- **Action item**
Could you repeat, word for word, the line with "13. tableware set (177,294,239,377)" and every line after it in the records below, leaving out any pictures?
=====
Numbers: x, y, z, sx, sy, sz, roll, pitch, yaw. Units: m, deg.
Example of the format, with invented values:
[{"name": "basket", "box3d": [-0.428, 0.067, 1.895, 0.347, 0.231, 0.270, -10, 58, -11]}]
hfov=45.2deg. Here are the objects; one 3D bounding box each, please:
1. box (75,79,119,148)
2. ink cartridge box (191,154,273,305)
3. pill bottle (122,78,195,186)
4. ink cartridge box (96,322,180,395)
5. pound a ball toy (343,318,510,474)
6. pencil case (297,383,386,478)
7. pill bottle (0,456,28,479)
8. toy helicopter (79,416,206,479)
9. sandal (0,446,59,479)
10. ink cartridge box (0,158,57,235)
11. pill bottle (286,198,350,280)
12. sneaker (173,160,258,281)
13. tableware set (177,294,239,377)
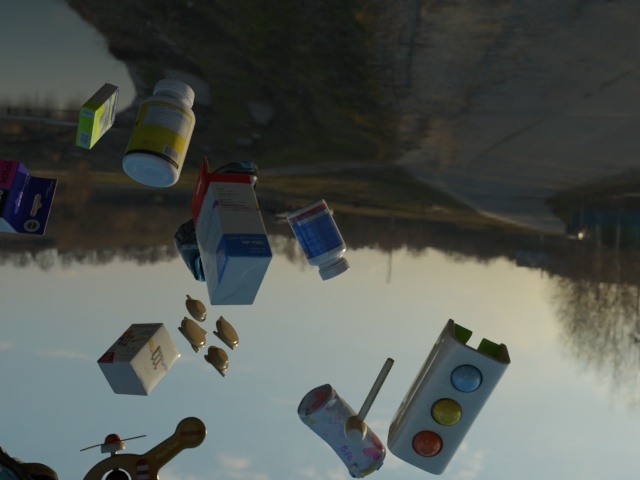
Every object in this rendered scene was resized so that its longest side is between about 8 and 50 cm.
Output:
=====
- **Solved exercise**
13. tableware set (177,294,239,377)
Every object in this rendered scene was resized so that its longest side is between about 8 and 50 cm.
Output:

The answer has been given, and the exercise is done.